Grotere betrokkenheid van burgers bij het beleid (deel 2)

20/4/2021

Het eerste deel van de bijdrage over de instrumenten om de burger actief te betrekken bij het beleid ging over de volksraadpleging en het referendum, en de petities of verzoekschriften.

In dit deel wordt ingegaan op een ander instrument voor burgerparticipatie. De afgelopen jaren hebben verschillende parlementaire assemblees in ons land immers initiatieven genomen om burgers bij hun werkzaamheden te betrekken. Het gaat zowel om participatieprojecten als om deliberatieve organen. Een recent advies van de Raad van State schetst het juridische kader voor de deliberatieve organen.

Participatieprojecten

De afgelopen jaren hebben het Brussels Hoofdstedelijk Parlement en het Waals Parlement participatieprojecten georganiseerd.

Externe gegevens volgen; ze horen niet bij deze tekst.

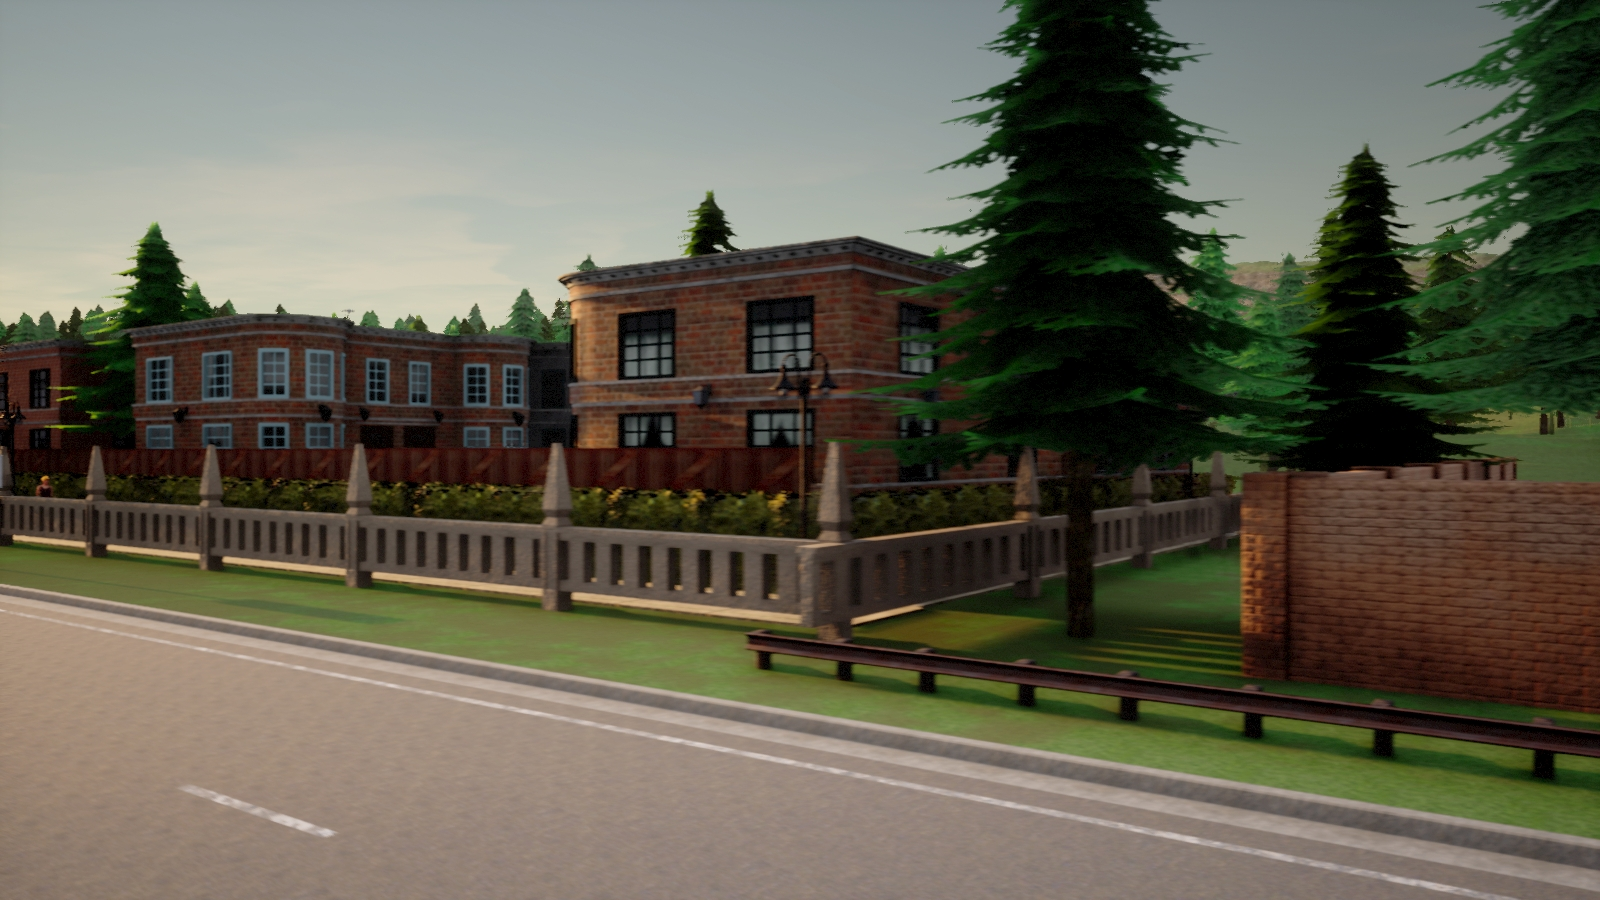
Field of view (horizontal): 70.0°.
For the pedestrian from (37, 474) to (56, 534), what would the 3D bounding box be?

Het Brussels Hoofdstedelijk Parlement organiseerde in 2017 "Make your Brussels – Mobility", een participatieproject waarbij veertig Brusselaars via loting werden uitgenodigd om in een panel met elkaar te debatteren en voorstellen uit te werken om de mobiliteit in Brussel te verbeteren.

Het Waals Parlement organiseerde in 2017 een burgerpanel over de lange-termijnuitdagingen van de vergrijzing in Wallonië. Dit burgerpanel bestond uit dertig uitgekozen burgers. In 2018 organiseerde het Waals Parlement een gelijkaardig burgerpanel over jongeren in Wallonië.

Deliberatieve organen in parlementaire assemblees: decreetgeving en parlementaire reglementen

Sommige deelstaatparlementen hebben initiatieven genomen om de burgers op een meer structurele wijze bij hun werkzaamheden te betrekken.

1. Het Parlement van de Duitstalige Gemeenschap

Het Parlement van de Duitstalige Gemeenschap heeft op 25 februari 2019 het decreet tot invoering van een permanente burgerdialoog in de Duitstalige Gemeenschap aangenomen. Jaarlijks worden een tot drie burgerpanels opgericht die zijn samengesteld uit 25 tot 50 burgers die via loting worden uitgekozen, met een evenwichtige vertegenwoordiging op basis van geslacht, leeftijdsgroep, geografische herkomst en sociaal-economische diversiteit. De burgerpanels worden aangestuurd door een burgerraad, die bestaat uit 24 gelote burgers die voordien aan een burgerpanel hebben deelgenomen.

De burgerraad kiest de onderwerpen die de burgerpanels bespreken, op basis van voorstellen van minstens twee van zijn leden, van een parlementsfractie, van de regering van de Duitstalige Gemeenschap of van minstens 100 burgers. In beginsel hebben de onderwerpen betrekking op de bevoegdheden van de Duitstalige Gemeenschap, maar uitzonderlijk kan ook een ander onderwerp worden gekozen.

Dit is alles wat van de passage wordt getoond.